Abdo fails to explicitly disclose a trajectory prediction corresponding to the obstacles and using tensor structures, specifically generating a first tensor corresponding to the obstacles based on the local positions and the local movement states corresponding to the obstacles, wherein the first obstacle tensor corresponds to the first time point and inputting the first obstacle tensor into a scene encoder to generate a first scene encoding, and while Abdo teaches predicting scene flow and motion vectors.
In a related art, Wu’s study teaches: location prediction methods based on trajectory data, including spatiotemporal-pattern-based prediction (Abstract). Wu also teaches location prediction techniques are used for route navigation, and traffic control (Abstract). Wu further states, “Trajectory data characterizes the locations and times of moving objects” (p. 109, left column, lines 7-8). Under the broadest reasonable interpretation, Wu teaches trajectory prediction methods corresponding to obstacles because Wu teaches a prediction method based on trajectory data characterized by locations and times of objects, and obstacles are types of objects.
Wu further teaches a preference-based method seen in previous art using tensor structures based on a matrix and matrix factorization that “integrates user, activity, location, and temporal information to predict location” (p. 116, right column, sub-section “4.1.4 Preference-based methods” through p. 117, left column, lines 1-21). While Wu identifies drawbacks of tensor methods to include being both resource and time consuming, Wu also teaches the mobility preference gained by the use of tensor-based methods is an important factor in predicting user location and the use of various data sources used in the model provides new perspectives regarding movement patterns (p. 116, right column, sub-section “4.1.4 Preference-based methods” through p. 117, left column, lines 1-28).

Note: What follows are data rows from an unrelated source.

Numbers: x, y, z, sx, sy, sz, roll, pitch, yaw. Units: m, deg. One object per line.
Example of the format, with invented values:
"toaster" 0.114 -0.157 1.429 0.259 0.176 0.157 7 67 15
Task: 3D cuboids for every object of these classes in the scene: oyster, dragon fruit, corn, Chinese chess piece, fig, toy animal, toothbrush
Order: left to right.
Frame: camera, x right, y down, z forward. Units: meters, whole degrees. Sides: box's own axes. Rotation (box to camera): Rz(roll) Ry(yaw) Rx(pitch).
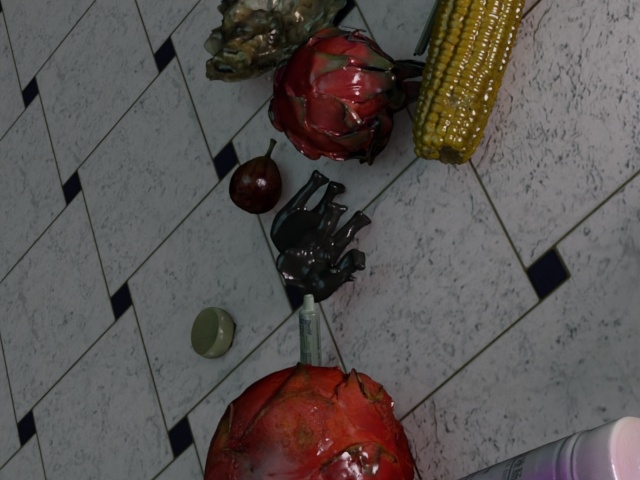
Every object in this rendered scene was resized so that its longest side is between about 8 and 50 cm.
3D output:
"Chinese chess piece" -0.174 0.149 2.184 0.084 0.034 0.084 -21 60 44
"fig" -0.095 -0.105 2.175 0.089 0.089 0.125 -18 36 42
"oyster" -0.066 -0.408 2.220 0.351 0.114 0.238 -37 51 33
"dragon fruit" -0.011 0.312 1.759 0.295 0.295 0.302 -27 43 38
"toy animal" 0.004 0.003 2.003 0.146 0.114 0.245 -51 22 12
"dragon fruit" 0.037 -0.216 1.993 0.274 0.193 0.192 -19 32 41
"toothbrush" 0.199 -0.404 1.985 0.028 0.026 0.294 27 91 37
"corn" 0.208 -0.279 1.869 0.120 0.120 0.363 12 82 49

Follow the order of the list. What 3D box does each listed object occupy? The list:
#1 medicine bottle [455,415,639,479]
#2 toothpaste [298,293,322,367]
"medicine bottle" 0.273 0.308 1.544 0.254 0.152 0.152 -31 54 37
"toothpaste" -0.014 0.173 1.958 0.048 0.029 0.197 15 112 49
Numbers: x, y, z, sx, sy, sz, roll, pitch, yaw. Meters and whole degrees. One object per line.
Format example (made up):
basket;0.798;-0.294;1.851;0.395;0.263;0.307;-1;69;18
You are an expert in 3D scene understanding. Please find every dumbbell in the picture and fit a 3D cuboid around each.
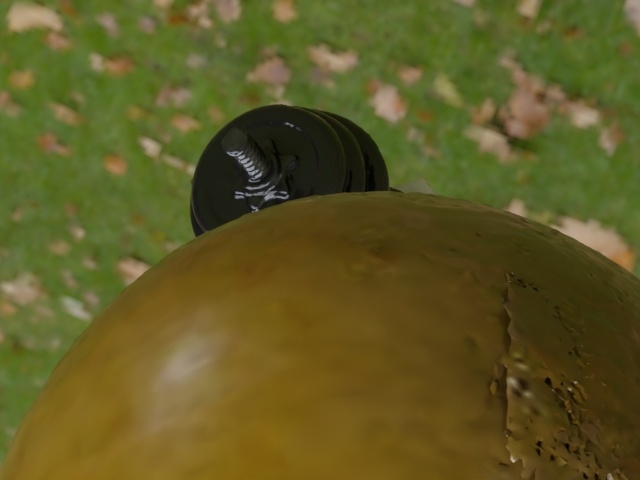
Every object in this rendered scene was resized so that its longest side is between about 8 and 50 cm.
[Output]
dumbbell;0.000;0.000;0.944;0.099;0.099;0.208;11;160;27

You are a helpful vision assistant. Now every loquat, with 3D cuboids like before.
loquat;0.029;0.115;0.527;0.263;0.263;0.263;19;159;8

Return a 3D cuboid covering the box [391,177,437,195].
box;0.055;0.009;1.066;0.083;0.054;0.024;56;140;19
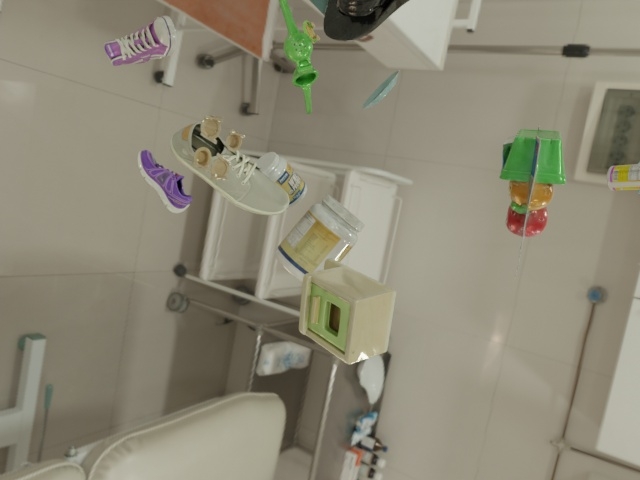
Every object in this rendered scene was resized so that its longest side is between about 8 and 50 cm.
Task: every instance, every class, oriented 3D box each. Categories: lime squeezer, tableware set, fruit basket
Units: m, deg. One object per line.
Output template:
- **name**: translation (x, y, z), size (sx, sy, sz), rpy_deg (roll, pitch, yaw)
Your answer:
- **lime squeezer**: translation (-0.049, -0.364, 1.056), size (0.059, 0.110, 0.310), rpy_deg (-32, 137, -14)
- **tableware set**: translation (-0.277, -0.245, 1.400), size (0.141, 0.020, 0.168), rpy_deg (19, 90, -52)
- **fruit basket**: translation (0.545, -0.116, 1.396), size (0.327, 0.165, 0.353), rpy_deg (-38, 139, -60)

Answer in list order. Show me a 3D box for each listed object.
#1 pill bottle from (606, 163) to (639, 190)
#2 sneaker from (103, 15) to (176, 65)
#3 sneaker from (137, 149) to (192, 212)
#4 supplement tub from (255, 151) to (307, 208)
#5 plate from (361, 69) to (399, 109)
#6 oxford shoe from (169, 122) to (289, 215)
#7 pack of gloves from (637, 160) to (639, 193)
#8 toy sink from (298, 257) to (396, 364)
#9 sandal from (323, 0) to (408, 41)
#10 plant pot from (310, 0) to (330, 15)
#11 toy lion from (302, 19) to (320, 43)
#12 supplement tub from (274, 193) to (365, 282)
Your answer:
- **pill bottle**: translation (0.532, -0.107, 0.878), size (0.043, 0.083, 0.043), rpy_deg (-3, 94, -40)
- **sneaker**: translation (-0.545, -0.577, 1.552), size (0.161, 0.282, 0.102), rpy_deg (-28, 104, -38)
- **sneaker**: translation (-0.360, -0.146, 1.226), size (0.170, 0.071, 0.068), rpy_deg (53, 11, -3)
- **supplement tub**: translation (-0.162, -0.235, 2.052), size (0.199, 0.144, 0.144), rpy_deg (47, 61, -35)
- **plate**: translation (0.219, -0.531, 1.867), size (0.024, 0.188, 0.188), rpy_deg (41, 59, -13)
- **oxford shoe**: translation (-0.285, -0.232, 1.738), size (0.449, 0.130, 0.169), rpy_deg (34, 48, -20)
- **pack of gloves**: translation (0.913, -0.182, 1.294), size (0.232, 0.195, 0.046), rpy_deg (-56, 155, 16)
- **toy sink**: translation (0.037, 0.152, 1.191), size (0.131, 0.234, 0.153), rpy_deg (-8, 113, -38)
- **sandal**: translation (0.142, -0.602, 1.187), size (0.107, 0.446, 0.167), rpy_deg (-2, 83, -42)
- **plant pot**: translation (0.028, -0.752, 1.439), size (0.166, 0.234, 0.165), rpy_deg (-19, 143, -32)
- **toy lion**: translation (-0.046, -0.850, 2.117), size (0.096, 0.034, 0.100), rpy_deg (4, 64, -61)
- **supplement tub**: translation (0.000, 0.000, 2.029), size (0.316, 0.228, 0.228), rpy_deg (-50, 149, 6)
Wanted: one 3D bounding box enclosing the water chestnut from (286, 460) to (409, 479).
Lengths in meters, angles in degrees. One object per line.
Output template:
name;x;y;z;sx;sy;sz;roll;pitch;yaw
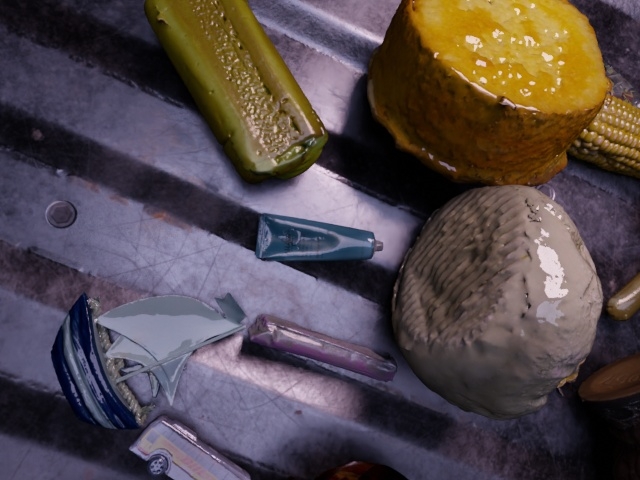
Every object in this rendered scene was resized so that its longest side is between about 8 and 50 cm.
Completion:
water chestnut;0.025;0.460;0.657;0.299;0.300;0.301;1;84;-11

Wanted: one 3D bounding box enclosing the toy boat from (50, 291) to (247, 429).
toy boat;-0.264;0.186;0.711;0.291;0.070;0.210;2;86;-13

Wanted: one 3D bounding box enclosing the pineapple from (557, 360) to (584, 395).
pineapple;0.418;0.191;0.849;0.220;0.047;0.222;1;84;-12

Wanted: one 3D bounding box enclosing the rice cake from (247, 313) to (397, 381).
rice cake;0.008;0.184;0.768;0.269;0.055;0.049;20;85;-10

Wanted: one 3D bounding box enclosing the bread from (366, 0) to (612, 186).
bread;0.264;-0.274;0.755;0.397;0.215;0.399;5;61;-10

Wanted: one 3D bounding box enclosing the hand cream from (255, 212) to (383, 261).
hand cream;0.000;0.000;0.797;0.223;0.048;0.083;4;86;-5

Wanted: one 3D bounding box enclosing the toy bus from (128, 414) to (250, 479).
toy bus;-0.201;0.349;0.706;0.190;0.064;0.075;38;73;-4

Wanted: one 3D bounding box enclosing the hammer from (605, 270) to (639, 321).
hammer;0.675;0.053;0.888;0.305;0.113;0.202;-41;89;-7

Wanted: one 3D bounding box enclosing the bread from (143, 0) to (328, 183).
bread;-0.140;-0.270;0.760;0.166;0.112;0.384;-31;90;-9

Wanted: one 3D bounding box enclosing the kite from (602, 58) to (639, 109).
kite;0.597;-0.340;0.957;0.141;0.015;0.245;-34;92;-15

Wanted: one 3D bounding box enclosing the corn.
corn;0.608;-0.193;0.886;0.346;0.130;0.130;16;81;-9

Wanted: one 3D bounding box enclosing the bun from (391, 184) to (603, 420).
bun;0.269;0.087;0.689;0.210;0.359;0.360;25;80;-14

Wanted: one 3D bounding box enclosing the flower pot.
flower pot;0.606;0.344;0.771;0.266;0.266;0.267;-27;80;-12

A person of ordinary skill in the art could have substituted the tensor structure of Wu for the point-cloud structure of Abdo. Furthermore, the substitution would have achieved the predictable result of a first obstacle tensor that improves the accuracy of predicting scene flow and identifying potential obstacles by distinguishing between parts of a scene that are static and dynamic, a goal of Abdo (Abdo [0011]), through the use of a tensor data structure that accounts for user location and various data sources to provide new perspectives in relation to movement patterns (Wu p.116, sub-section “4.1.4 Preference-based methods”).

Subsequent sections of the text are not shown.